Task
Your answer should be only the lines below from the one with "In this photo, give" to the one with "#1 spatula <box>188,1088,958,1285</box>", repeated exactly, ends included.

Data listing
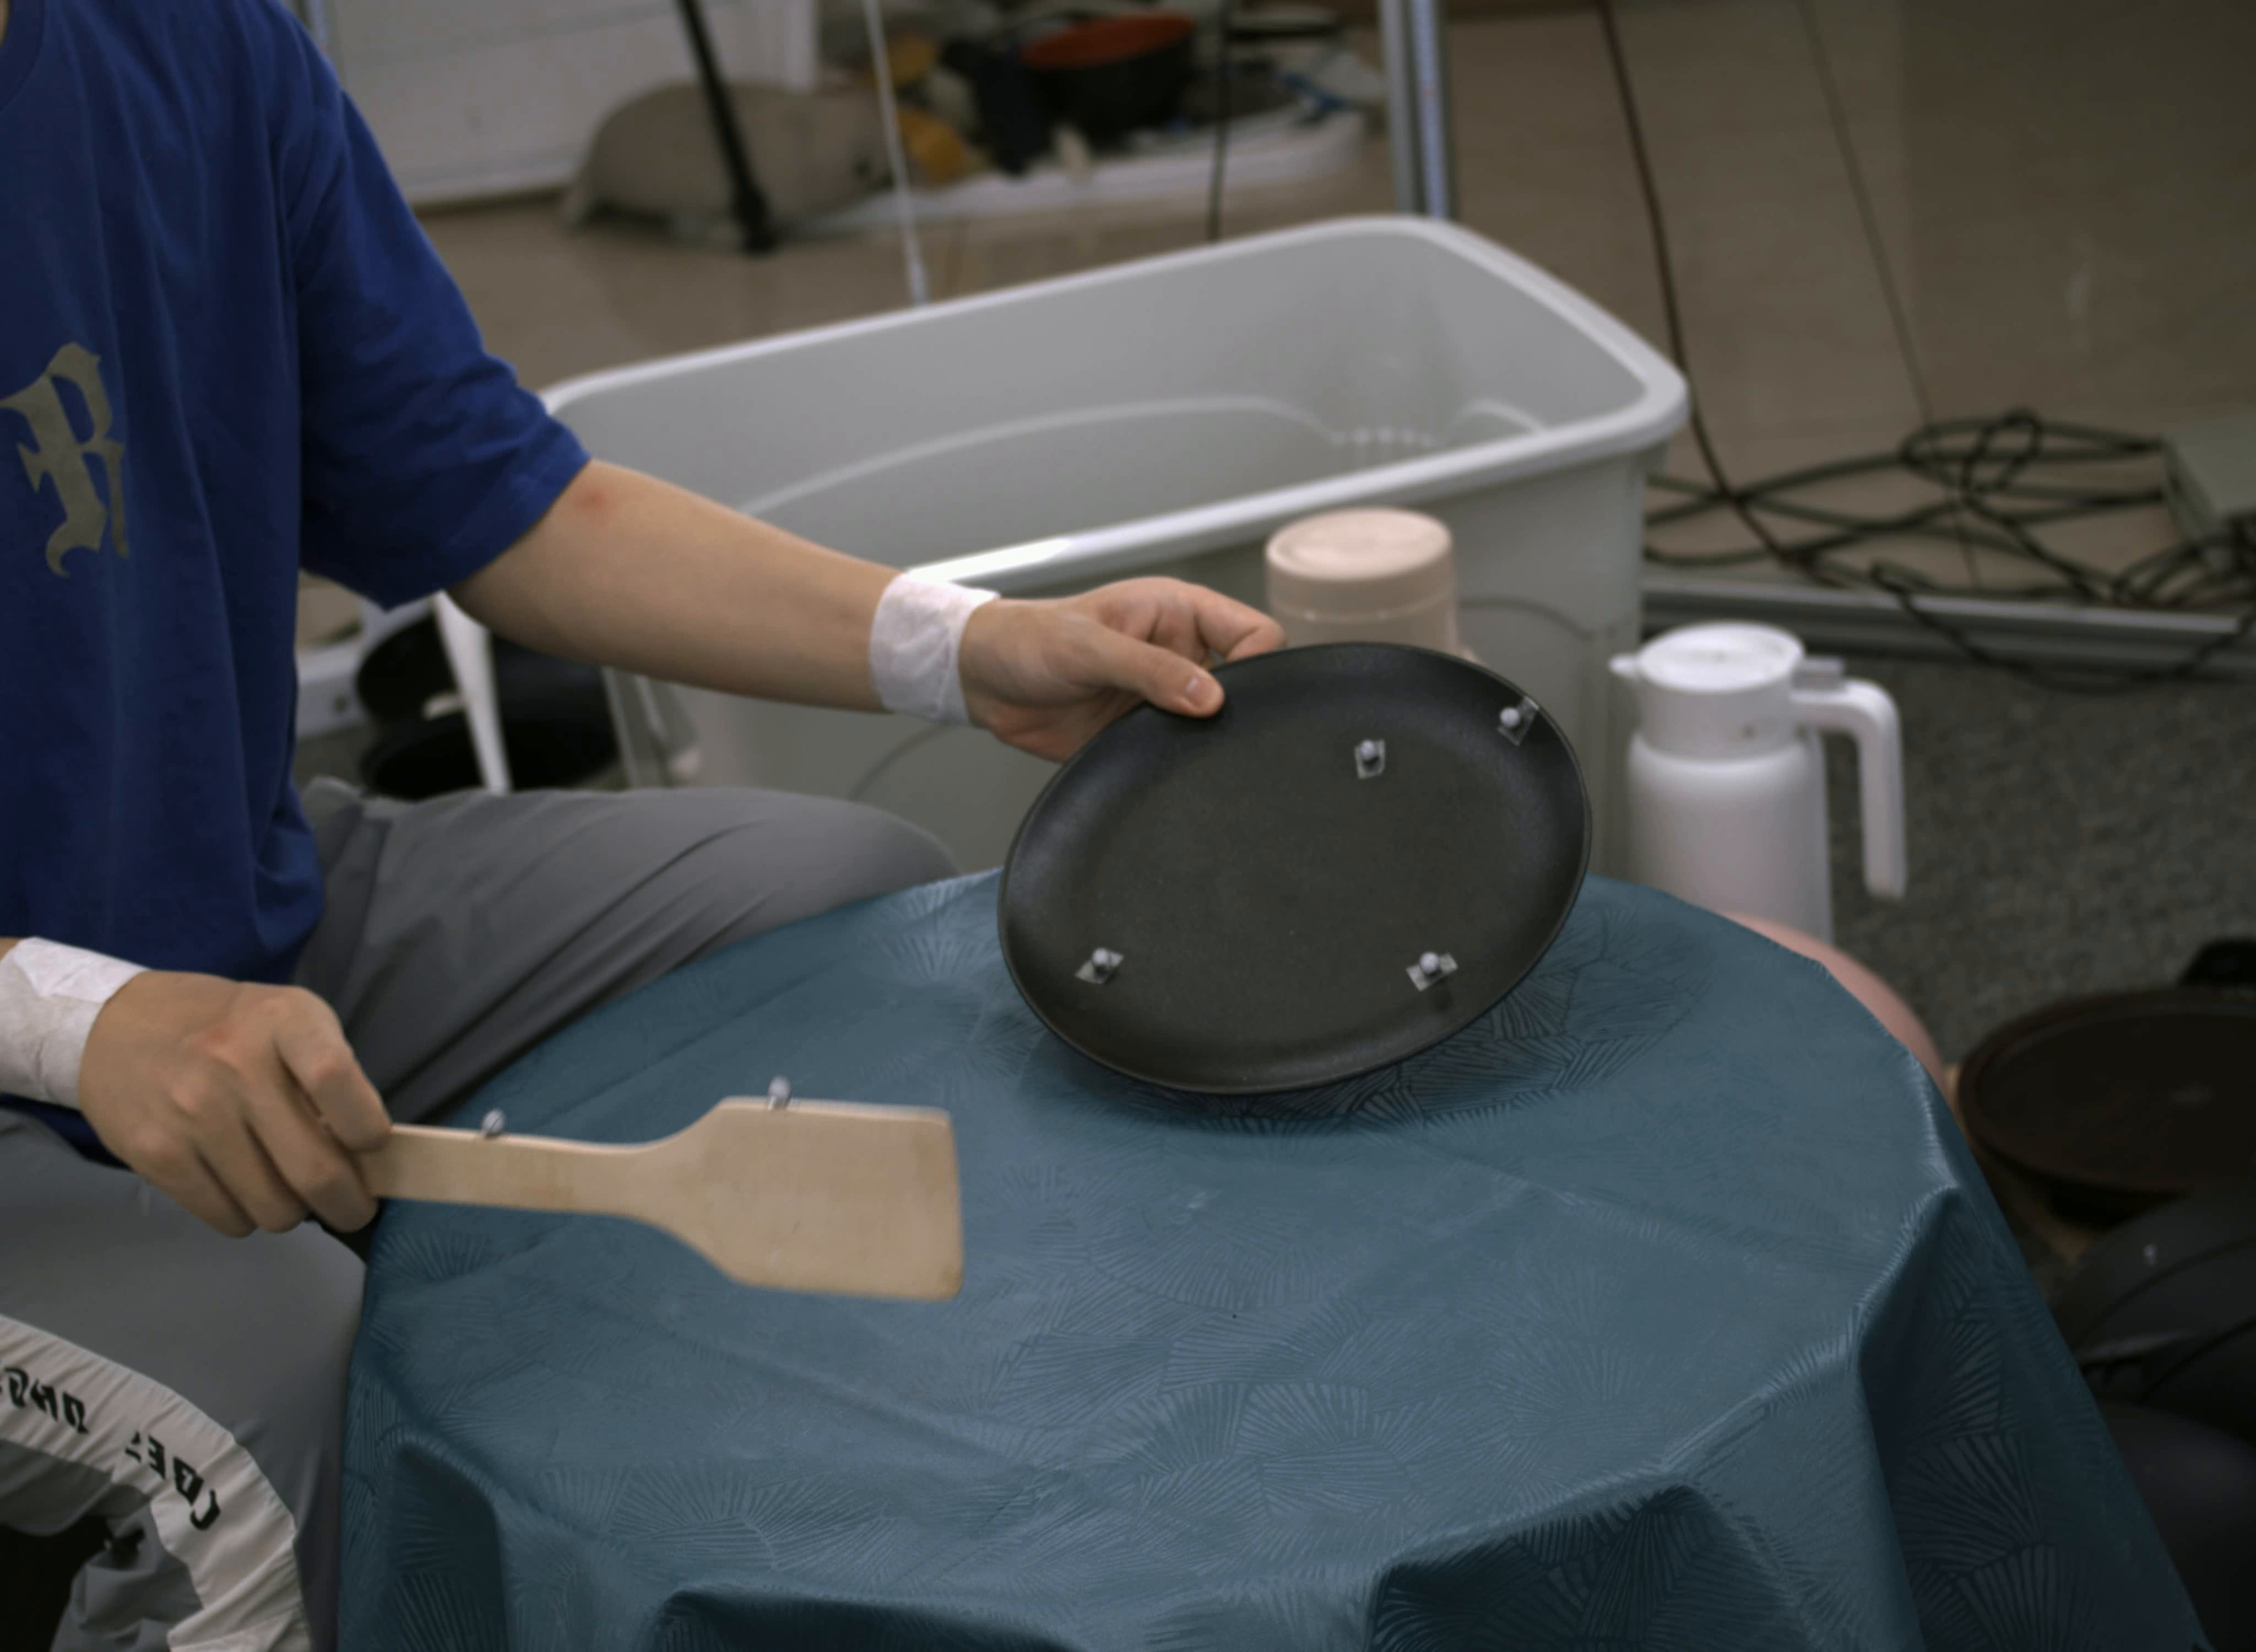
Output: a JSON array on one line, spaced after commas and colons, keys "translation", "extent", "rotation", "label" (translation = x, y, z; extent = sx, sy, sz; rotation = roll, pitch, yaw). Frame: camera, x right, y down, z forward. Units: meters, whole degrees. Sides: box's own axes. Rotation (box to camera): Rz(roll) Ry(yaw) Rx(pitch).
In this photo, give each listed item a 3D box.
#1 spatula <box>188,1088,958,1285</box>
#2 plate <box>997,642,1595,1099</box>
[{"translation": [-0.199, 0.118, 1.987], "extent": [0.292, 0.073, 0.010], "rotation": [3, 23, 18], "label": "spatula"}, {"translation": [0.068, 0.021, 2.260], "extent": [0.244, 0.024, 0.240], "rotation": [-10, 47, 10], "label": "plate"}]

Output
In this photo, give each listed item a 3D box.
#1 spatula <box>188,1088,958,1285</box>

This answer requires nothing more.